Film
Taking Woodstock (review / trailer)
09th November 2009"If you can remember Woodstock, you weren't there" - or so the saying goes.
Thank goodness then for Oscar-winning director Ang Lee and screenwriter James Schamus, who collaborate once again on this recreation of the music festival that defined a generation.
Rather than recreate the myriad music performances, the film unfolds through the eyes of the Jewish family who invited hundreds of thousands of music-loving strangers to their sleepy corner of Bethel, New York.
It's a fascinating yarn, adapted from Elliot Tiber's celebrated memoir Taking Woodstock: A True Story Of A Riot, A Concert And A Life, tapping into the mood of free love and self-expression that wafted over the east coast that summer of '69.

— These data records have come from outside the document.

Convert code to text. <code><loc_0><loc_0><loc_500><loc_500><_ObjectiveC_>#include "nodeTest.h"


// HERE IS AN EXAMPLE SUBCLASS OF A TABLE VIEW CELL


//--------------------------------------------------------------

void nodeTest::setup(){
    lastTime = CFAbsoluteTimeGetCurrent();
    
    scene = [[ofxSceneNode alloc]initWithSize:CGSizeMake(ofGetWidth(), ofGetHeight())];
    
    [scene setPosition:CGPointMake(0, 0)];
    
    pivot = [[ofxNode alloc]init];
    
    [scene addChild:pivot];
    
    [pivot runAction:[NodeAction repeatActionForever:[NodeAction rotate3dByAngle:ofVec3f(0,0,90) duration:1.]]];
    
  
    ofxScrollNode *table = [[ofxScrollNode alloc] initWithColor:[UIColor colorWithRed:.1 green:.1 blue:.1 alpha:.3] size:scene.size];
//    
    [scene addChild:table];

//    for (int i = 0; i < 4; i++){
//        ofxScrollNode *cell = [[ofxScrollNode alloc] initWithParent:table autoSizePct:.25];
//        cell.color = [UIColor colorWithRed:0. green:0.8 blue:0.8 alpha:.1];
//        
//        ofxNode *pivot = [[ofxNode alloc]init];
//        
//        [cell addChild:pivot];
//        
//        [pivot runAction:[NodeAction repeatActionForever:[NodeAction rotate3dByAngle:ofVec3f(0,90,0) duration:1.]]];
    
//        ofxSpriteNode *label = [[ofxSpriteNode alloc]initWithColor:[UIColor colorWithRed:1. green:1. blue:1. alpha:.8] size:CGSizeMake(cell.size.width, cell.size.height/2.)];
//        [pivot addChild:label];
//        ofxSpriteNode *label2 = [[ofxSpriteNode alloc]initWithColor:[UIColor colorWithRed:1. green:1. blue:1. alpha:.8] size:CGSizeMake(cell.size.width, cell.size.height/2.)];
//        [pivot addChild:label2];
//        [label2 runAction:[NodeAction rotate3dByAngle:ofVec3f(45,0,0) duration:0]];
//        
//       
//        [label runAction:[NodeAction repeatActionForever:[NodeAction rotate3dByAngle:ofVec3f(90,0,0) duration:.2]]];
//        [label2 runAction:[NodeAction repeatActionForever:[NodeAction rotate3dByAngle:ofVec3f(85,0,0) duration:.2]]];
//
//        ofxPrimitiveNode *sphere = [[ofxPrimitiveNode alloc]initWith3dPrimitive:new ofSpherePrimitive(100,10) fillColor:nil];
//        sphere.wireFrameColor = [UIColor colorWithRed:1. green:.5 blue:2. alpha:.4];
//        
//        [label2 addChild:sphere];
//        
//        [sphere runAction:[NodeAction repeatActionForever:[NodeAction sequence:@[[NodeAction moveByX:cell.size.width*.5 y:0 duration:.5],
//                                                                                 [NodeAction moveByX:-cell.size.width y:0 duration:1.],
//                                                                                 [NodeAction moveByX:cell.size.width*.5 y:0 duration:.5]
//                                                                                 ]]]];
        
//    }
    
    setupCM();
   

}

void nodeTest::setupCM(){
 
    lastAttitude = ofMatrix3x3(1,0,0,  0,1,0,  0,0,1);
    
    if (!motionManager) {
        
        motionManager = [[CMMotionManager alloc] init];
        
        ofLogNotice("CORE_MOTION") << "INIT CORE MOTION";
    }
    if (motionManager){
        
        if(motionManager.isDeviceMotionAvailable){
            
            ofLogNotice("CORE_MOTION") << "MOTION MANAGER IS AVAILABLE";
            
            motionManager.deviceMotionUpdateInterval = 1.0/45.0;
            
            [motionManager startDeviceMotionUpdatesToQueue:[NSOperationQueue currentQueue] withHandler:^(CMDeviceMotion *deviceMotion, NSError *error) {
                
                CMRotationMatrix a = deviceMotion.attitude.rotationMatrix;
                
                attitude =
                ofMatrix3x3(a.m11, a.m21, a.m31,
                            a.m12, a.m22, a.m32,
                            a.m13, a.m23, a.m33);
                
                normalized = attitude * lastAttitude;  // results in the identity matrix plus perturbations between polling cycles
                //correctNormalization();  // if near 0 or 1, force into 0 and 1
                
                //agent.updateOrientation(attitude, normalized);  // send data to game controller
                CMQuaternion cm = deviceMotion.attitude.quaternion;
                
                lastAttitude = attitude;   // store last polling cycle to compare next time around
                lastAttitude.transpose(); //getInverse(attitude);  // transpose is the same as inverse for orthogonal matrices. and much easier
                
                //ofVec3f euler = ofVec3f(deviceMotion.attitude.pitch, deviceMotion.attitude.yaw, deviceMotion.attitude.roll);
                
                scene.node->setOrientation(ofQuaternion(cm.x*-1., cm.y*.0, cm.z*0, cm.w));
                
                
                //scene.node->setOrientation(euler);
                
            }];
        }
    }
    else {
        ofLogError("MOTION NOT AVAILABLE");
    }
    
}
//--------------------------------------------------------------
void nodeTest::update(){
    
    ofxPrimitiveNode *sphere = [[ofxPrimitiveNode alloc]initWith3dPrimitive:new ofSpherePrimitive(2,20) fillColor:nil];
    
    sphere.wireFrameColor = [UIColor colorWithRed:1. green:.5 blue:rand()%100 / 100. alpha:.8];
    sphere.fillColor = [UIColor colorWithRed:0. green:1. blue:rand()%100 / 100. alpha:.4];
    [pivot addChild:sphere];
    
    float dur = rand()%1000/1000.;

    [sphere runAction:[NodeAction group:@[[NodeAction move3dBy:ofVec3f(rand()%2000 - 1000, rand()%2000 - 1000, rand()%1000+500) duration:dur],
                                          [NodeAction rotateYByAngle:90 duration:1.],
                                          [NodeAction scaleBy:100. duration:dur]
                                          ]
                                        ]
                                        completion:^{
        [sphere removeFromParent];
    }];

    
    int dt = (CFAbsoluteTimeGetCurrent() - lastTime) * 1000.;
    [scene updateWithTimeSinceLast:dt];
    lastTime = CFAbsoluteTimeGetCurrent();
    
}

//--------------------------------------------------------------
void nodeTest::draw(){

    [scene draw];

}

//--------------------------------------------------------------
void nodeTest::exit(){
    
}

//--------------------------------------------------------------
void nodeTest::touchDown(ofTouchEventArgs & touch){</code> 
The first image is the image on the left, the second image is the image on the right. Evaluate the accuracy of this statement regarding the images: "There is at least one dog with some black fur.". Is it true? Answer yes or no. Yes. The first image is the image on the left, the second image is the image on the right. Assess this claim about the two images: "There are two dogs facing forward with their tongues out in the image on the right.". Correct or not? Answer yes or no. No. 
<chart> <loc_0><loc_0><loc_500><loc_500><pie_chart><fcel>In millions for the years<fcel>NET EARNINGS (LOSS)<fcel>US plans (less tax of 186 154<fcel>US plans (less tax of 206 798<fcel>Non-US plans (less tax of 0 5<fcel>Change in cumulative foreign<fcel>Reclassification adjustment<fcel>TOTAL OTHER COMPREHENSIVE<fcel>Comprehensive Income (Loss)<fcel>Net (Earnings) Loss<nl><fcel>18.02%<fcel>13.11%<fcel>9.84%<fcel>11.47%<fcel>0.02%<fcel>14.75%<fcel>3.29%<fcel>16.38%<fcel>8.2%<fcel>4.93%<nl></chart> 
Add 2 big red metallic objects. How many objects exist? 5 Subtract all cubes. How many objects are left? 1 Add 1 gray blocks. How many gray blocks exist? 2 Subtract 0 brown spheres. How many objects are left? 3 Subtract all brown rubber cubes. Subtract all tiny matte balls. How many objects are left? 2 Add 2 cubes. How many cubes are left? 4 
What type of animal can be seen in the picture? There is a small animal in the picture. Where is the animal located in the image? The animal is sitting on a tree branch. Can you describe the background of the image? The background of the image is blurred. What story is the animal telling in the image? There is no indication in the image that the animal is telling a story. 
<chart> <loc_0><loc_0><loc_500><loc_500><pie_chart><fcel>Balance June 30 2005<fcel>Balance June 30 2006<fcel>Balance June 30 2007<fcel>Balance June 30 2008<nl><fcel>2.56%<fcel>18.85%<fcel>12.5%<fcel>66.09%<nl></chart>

Elliot (Martin) - born Teichberg, but who later changes his surname to Tiber - returns home to his hen-pecked father Jake (Goodman) and harridan mother Sonia (Staunton) to help save the family's ailing motel business.
Learning that a music festival is looking for a suitable location, Elliot contacts its organiser Michael Lang (Groff) and puts him in touch with Max Yasgur (Levy), who owns a neighbouring farm.
With money and contracts agreed, the Woodstock committee takes up residence at the dilapidated El Monaco Motel as a steady stream of hippies passes through the town.
Locals are horrified. "They will be high during the day and raping cows at night," one resident snaps at Elliot.
Cross-dressing bodyguard Vilma (Schreiber) provides valuable protection from local hoods as Elliot finds the strength to embrace his homosexuality with handsome construction worker Paul (Pettie) and to be the man he always wanted to be.
Taking Woodstock is handsomely crafted, as you would expect from Lee (Crouching Tiger Hidden Dragon, Brokeback Mountain) but his new film lacks that vital spark.
Stand-up comedian Martin is an interesting casting choice for the laconic leading man, but he is upstaged by dreamy newcomer Groff and a scenery-chewing Staunton, who is never short of a sharp word for anyone who crosses her, such as the bank manager who refuses her extra credit after years of custom.
From a purely technical perspective, Lee's film is a triumph, interweaving iconography from the era around moments of pure artistic licence.
A sequence in which Elliot sits pillion on a policeman's motorcycle and weaves through hundreds of cars that have reduced the highway to a mile-long parking lot must have been a logistical nightmare, but looks astounding on the big screen.
Like Elliot, we're in awe of his father, who has managed to withstand the rants without losing his patience.
"How have you done it? How have you lived with her for 40 years?" asks the son.
"I love her," replies the old man. Simple as that.
Taking Woodstock is in local cinemas from November 13.